I have a trait (let's call it BinaryRepr
) that allows serializing a data structure (&Self
) into a stream of bytes by writing it to an asynchronous writer (tokio::io::AsyncWrite
). I want this to work asynchronous because the data structures might be big and the receiver might be a remote network peer (and I don't want to buffer the whole binary representation in memory). Let's call the method that performs the serialization "dump
".
I also have the need to calculate hashes based on this binary representation. Let's call the method that performs the hashing "hash
".
As I dislike redundancy here, I don't want to implement code twice. But I would also like to be able to calculate a hash value from non-async functions. That should not be a problem as calculating the hash will not require any I/O and is fast in my use case.

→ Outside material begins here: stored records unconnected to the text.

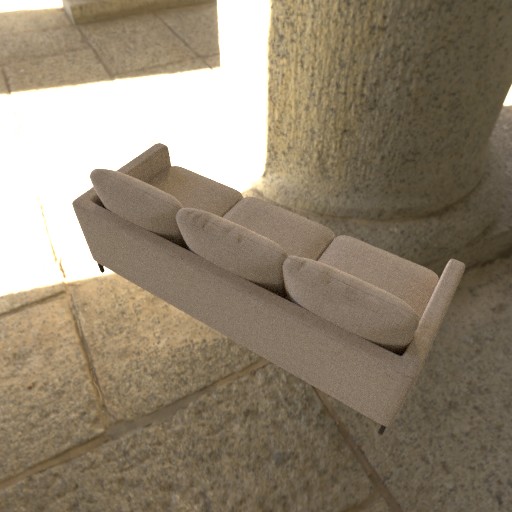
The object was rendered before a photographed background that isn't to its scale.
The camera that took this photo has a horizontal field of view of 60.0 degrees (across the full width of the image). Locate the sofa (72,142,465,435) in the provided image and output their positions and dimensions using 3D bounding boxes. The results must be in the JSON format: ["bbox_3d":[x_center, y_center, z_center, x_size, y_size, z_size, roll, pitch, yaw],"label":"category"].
[{"bbox_3d":[0.000,0.000,2.748,2.218,0.874,0.859,25,52,22],"label":"sofa"}]
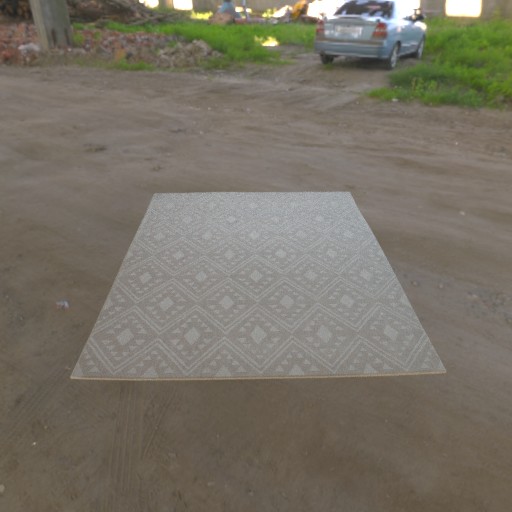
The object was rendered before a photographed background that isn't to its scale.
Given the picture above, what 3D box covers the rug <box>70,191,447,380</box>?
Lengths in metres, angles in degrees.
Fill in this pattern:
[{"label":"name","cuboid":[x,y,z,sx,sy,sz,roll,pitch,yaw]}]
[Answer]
[{"label":"rug","cuboid":[0.000,0.000,4.096,2.399,0.054,3.011,-1,31,-1]}]
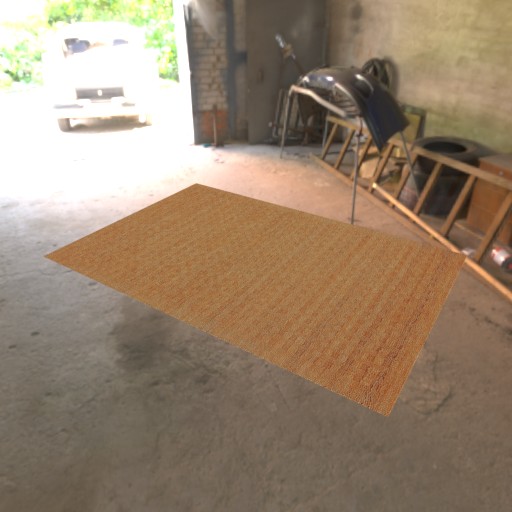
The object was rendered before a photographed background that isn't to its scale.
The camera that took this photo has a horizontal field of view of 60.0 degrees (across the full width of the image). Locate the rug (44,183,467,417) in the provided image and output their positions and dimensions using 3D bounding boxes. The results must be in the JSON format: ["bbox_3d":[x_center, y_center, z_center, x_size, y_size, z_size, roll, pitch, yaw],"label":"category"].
[{"bbox_3d":[0.000,0.000,2.876,2.285,0.006,1.524,19,36,28],"label":"rug"}]
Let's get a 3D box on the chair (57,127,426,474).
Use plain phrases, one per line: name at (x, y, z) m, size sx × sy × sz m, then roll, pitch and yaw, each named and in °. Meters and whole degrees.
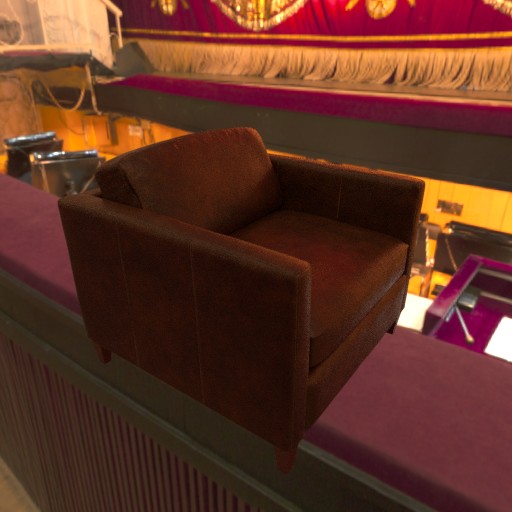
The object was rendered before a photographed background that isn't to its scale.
chair at (0.000, 0.000, 1.726) m, size 0.975 × 0.864 × 0.990 m, roll 17°, pitch 31°, yaw 32°
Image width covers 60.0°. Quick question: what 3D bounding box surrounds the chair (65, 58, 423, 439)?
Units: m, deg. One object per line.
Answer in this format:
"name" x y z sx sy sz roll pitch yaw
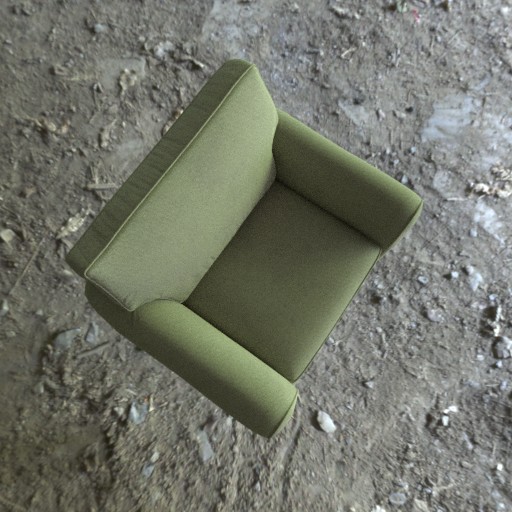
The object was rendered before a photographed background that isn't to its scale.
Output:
"chair" 0.000 0.000 1.884 0.939 1.044 1.147 34 78 8
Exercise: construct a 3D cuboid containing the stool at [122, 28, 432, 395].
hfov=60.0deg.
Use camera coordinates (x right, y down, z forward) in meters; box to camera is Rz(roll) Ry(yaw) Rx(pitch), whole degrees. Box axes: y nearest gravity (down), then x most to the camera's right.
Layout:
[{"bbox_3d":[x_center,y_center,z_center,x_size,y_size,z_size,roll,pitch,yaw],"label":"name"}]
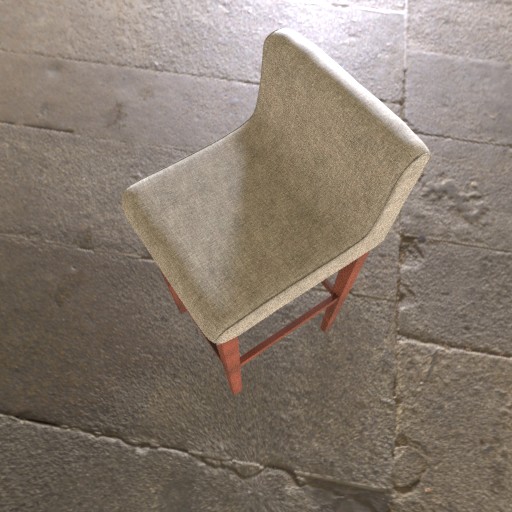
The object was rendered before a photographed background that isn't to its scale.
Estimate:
[{"bbox_3d":[0.000,0.000,1.211,0.499,0.965,0.426,-32,66,-15],"label":"stool"}]
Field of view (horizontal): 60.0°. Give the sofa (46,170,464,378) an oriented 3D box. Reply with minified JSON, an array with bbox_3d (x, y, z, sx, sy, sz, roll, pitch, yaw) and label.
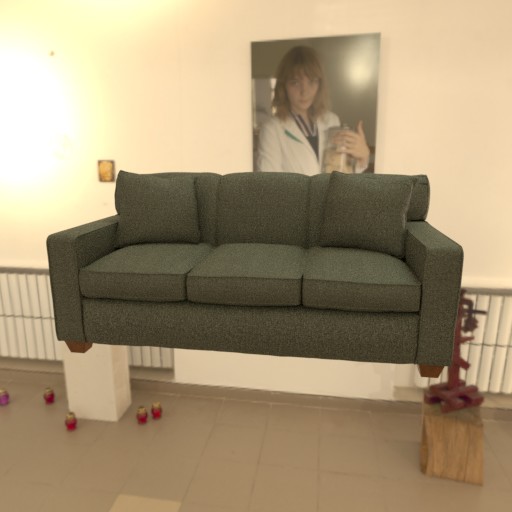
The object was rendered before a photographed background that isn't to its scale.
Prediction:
[{"bbox_3d":[0.000,0.000,2.558,2.024,0.958,0.997,2,13,8],"label":"sofa"}]

However, I cannot define a function (dump
) that sometimes is async
and sometimes isn't.
I solved this by convention:
use async_trait::async_trait;
use futures::future::FutureExt;
use std::pin::Pin;
use std::task::{Context, Poll};
use tokio::io::{self, AsyncWrite, AsyncWriteExt};
use tokio::task::unconstrained;
#[async_trait]
trait BinaryRepr {
// CONVENTION:
// `dump` must only yield due to calling methods on `writer`
async fn dump<W: AsyncWrite + Unpin + Send>(
&self,
writer: &mut W,
) -> io::Result<()>;
fn hash(&self) -> u8 {
let mut hasher = Hasher::new();
unconstrained(self.dump(&mut hasher))
.now_or_never()
.unwrap()
.unwrap();
hasher.finalize()
}
}
Notice the now_or_never
method (originating from futures::future::FutureExt
) followed by two unwrap()
s, which panics at run-time unless dump
immediately returns with a success (which it, by convention, always will when using Hasher
as writer).
I used tokio::task::unconstrained
to avoid unnecessary yields (e.g. if dump
internally uses Tokio message queues or similar). (See also Async write into Vec, but note that by convention, this might be the responsibility of the implementation of dump
anyway, so could be left out here.)
I can then implement Hasher
, for example, as follows:
struct Hasher {
state: u8,
}
impl Hasher {
fn new() -> Self {
Hasher { state: 0u8 }
}
fn digest<T: AsRef<[u8]>>(&mut self, bytes: T) {
for byte in bytes.as_ref() {
self.state = self.state.wrapping_add(*byte);
}
}
fn finalize(self) -> u8 {
self.state
}
}
Now I must make Hasher
implementing AsyncWrite
in such a way that writes won't ever be pending:
impl AsyncWrite for Hasher {
fn poll_write(
self: Pin<&mut Self>,
_: &mut Context<'_>,
buf: &[u8],
) -> Poll<io::Result<usize>> {
Pin::into_inner(self).digest(buf);
Poll::Ready(Ok(buf.len()))
}
fn poll_flush(
self: Pin<&mut Self>,
_: &mut Context<'_>,
) -> Poll<io::Result<()>> {
Poll::Ready(Ok(()))
}
fn poll_shutdown(
self: Pin<&mut Self>,
_: &mut Context<'_>,
) -> Poll<io::Result<()>> {
Poll::Ready(Ok(()))
}
}
I can then use everything as follows:
struct Packet {
content: String,
}
#[async_trait]
impl BinaryRepr for Packet {
async fn dump<W>(
&self,
writer: &mut W,
) -> io::Result<()>
where
W: AsyncWrite + Unpin + Send,
{
writer
.write(
format!(
"Packet len={}\n",
self.content.len()
)
.as_ref(),
)
.await?;
writer.write(self.content.as_ref()).await?;
Ok(())
}
}
// NOTE: `main` isn't async here!
fn main() {
println!("Hash: {}", (Packet { content: "Hello".to_string() }).hash());
}
I would consider the dump
method being semi-asynchronous, because it will only yield if method calls to its argument (writer
) yield. Unfortunately, this isn't reflected in any way by its type – any implementation that violates this convention will lead to a run-time panic.
While I dislike the panics, I wasn't able to come up with any better solution for my problem. I would appreciate feedback on my idea. Is it a reasonable way to solve this? Am I thinking too complicated?